You’re in control of what you think, so you can for sure control what you think of yourself.  It’s just silly to be living your life for what others think, how they perceive you, and what is going to make you fit in.  We live in a very opinionated society that you’re never going to be exempt from.  Be who you are and live for what you want.  It’s the only way to be truly happy and fulfilled.  I saw a meme the other day that said, “Do whatever the fuck you want, just don’t hurt people.”  Heard that.  I find that by being myself, I attract MY people.  I’m a lot to take in.  I have confidence, passion, and intensity that some people don’t get. It’s often mistaked as harsh.  But hey, perception is reality.
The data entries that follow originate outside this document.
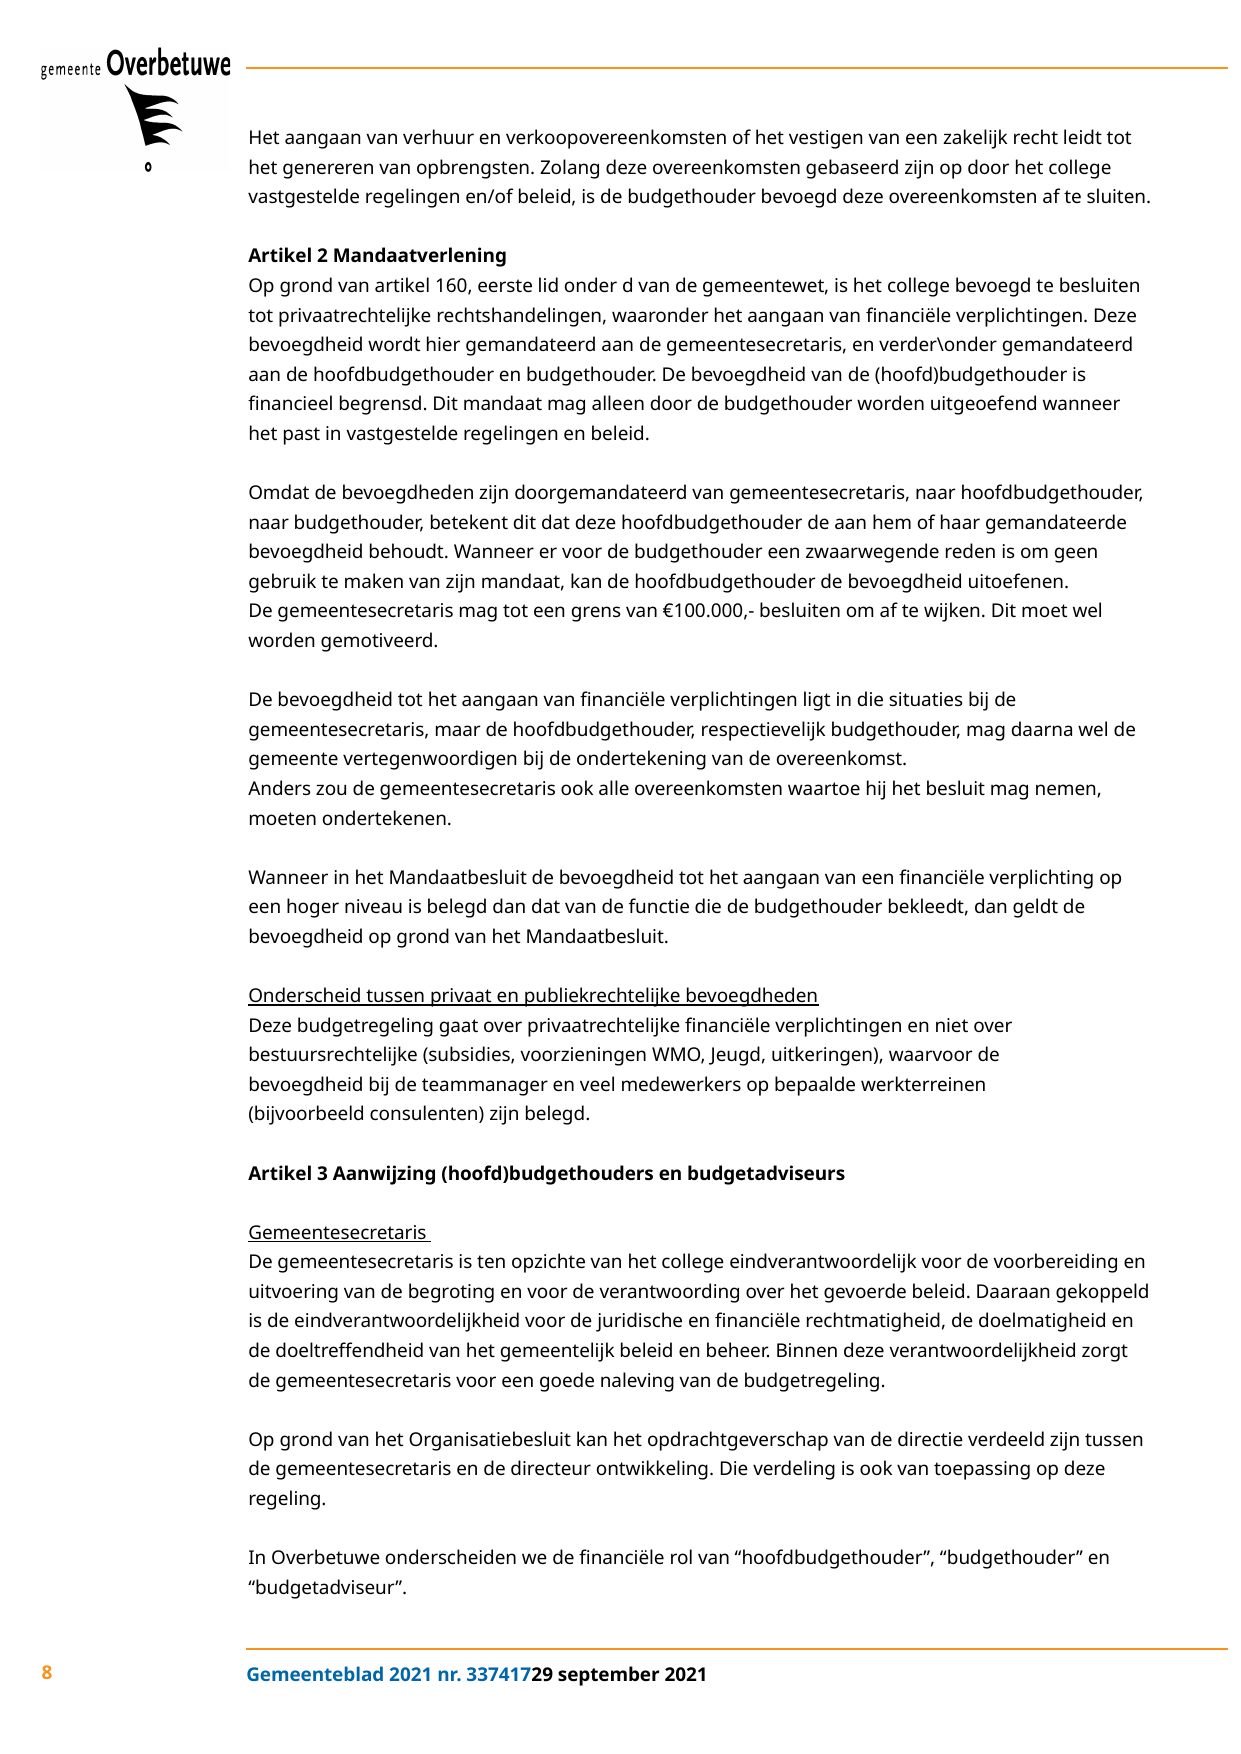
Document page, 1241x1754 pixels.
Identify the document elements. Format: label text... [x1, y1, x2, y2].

text Op grond van artikel 160, eerste lid onder d van de gemeentewet, is het college bevoegd te besluiten tot privaatrechtelijke rechtshandelingen, waaronder het aangaan van financiële verplichtingen. Deze bevoegdheid wordt hier gemandateerd aan de gemeentesecretaris, en verder\onder gemandateerd aan de hoofdbudgethouder en budgethouder. De bevoegdheid van de (hoofd)budgethouder is financieel begrensd. Dit mandaat mag alleen door de budgethouder worden uitgeoefend wanneer het past in vastgestelde regelingen en beleid. [248, 272, 1152, 446]
text De bevoegdheid tot het aangaan van financiële verplichtingen ligt in die situaties bij de gemeentesecretaris, maar de hoofdbudgethouder, respectievelijk budgethouder, mag daarna wel de gemeente vertegenwoordigen bij de ondertekening van de overeenkomst. [248, 686, 1152, 771]
text De gemeentesecretaris mag tot een grens van €100.000,- besluiten om af te wijken. Dit moet wel worden gemotiveerd. [248, 598, 1152, 653]
text Deze budgetregeling gaat over privaatrechtelijke financiële verplichtingen en niet over bestuursrechtelijke (subsidies, voorzieningen WMO, Jeugd, uitkeringen), waarvoor de [248, 1012, 1152, 1067]
text (bijvoorbeeld consulenten) zijn belegd. [248, 1101, 1152, 1126]
text Onderscheid tussen privaat en publiekrechtelijke bevoegdheden [248, 982, 1152, 1008]
text Het aangaan van verhuur en verkoopovereenkomsten of het vestigen van een zakelijk recht leidt tot het genereren van opbrengsten. Zolang deze overeenkomsten gebaseerd zijn op door het college vastgestelde regelingen en/of beleid, is de budgethouder bevoegd deze overeenkomsten af te sluiten. [248, 124, 1152, 209]
text Omdat de bevoegdheden zijn doorgemandateerd van gemeentesecretaris, naar hoofdbudgethouder, naar budgethouder, betekent dit dat deze hoofdbudgethouder de aan hem of haar gemandateerde bevoegdheid behoudt. Wanneer er voor de budgethouder een zwaarwegende reden is om geen gebruik te maken van zijn mandaat, kan de hoofdbudgethouder de bevoegdheid uitoefenen. [248, 479, 1152, 594]
text Artikel 2 Mandaatverlening [248, 243, 1152, 268]
text In Overbetuwe onderscheiden we de financiële rol van “hoofdbudgethouder”, “budgethouder” en “budgetadviseur”. [248, 1544, 1152, 1600]
text De gemeentesecretaris is ten opzichte van het college eindverantwoordelijk voor de voorbereiding en uitvoering van de begroting en voor de verantwoording over het gevoerde beleid. Daaraan gekoppeld is de eindverantwoordelijkheid voor de juridische en financiële rechtmatigheid, de doelmatigheid en de doeltreffendheid van het gemeentelijk beleid en beheer. Binnen deze verantwoordelijkheid zorgt de gemeentesecretaris voor een goede naleving van de budgetregeling. [248, 1248, 1152, 1393]
text bevoegdheid bij de teammanager en veel medewerkers op bepaalde werkterreinen [248, 1071, 1152, 1097]
picture [41, 47, 231, 172]
text Wanneer in het Mandaatbesluit de bevoegdheid tot het aangaan van een financiële verplichting op een hoger niveau is belegd dan dat van de functie die de budgethouder bekleedt, dan geldt de bevoegdheid op grond van het Mandaatbesluit. [248, 864, 1152, 949]
text Anders zou de gemeentesecretaris ook alle overeenkomsten waartoe hij het besluit mag nemen, moeten ondertekenen. [248, 775, 1152, 831]
text Op grond van het Organisatiebesluit kan het opdrachtgeverschap van de directie verdeeld zijn tussen de gemeentesecretaris en de directeur ontwikkeling. Die verdeling is ook van toepassing op deze regeling. [248, 1426, 1152, 1511]
text Gemeentesecretaris [248, 1219, 1152, 1245]
text Artikel 3 Aanwijzing (hoofd)budgethouders en budgetadviseurs [248, 1160, 1152, 1186]

If that’s what they get, who am I to argue?  But the people who do get me, they REALLY get me.  And those are the people that make my world go round.  As far as my choices, I am not one to follow the crowd.  I make my own choices based on what’s best for me and lemme tell you . . . I am reaping the benefits.  Being an individual always pays off in the end. 

 

Tune in and take your own inventory.  Start asking questions like:

  • What do I want?  

  • Why do I want it?

  • What will it look like for me when I get it?

  • How will that make me feel?

  • What do I need more of?  Less of?

  • What’s best for me?  My relationship?  My family?

  • What makes the most sense for my financial circumstance?

  • What will make me the happiest?

  • What’s the worst that will happen if “they” don’t approve?  

Go find your happy and start choosing it.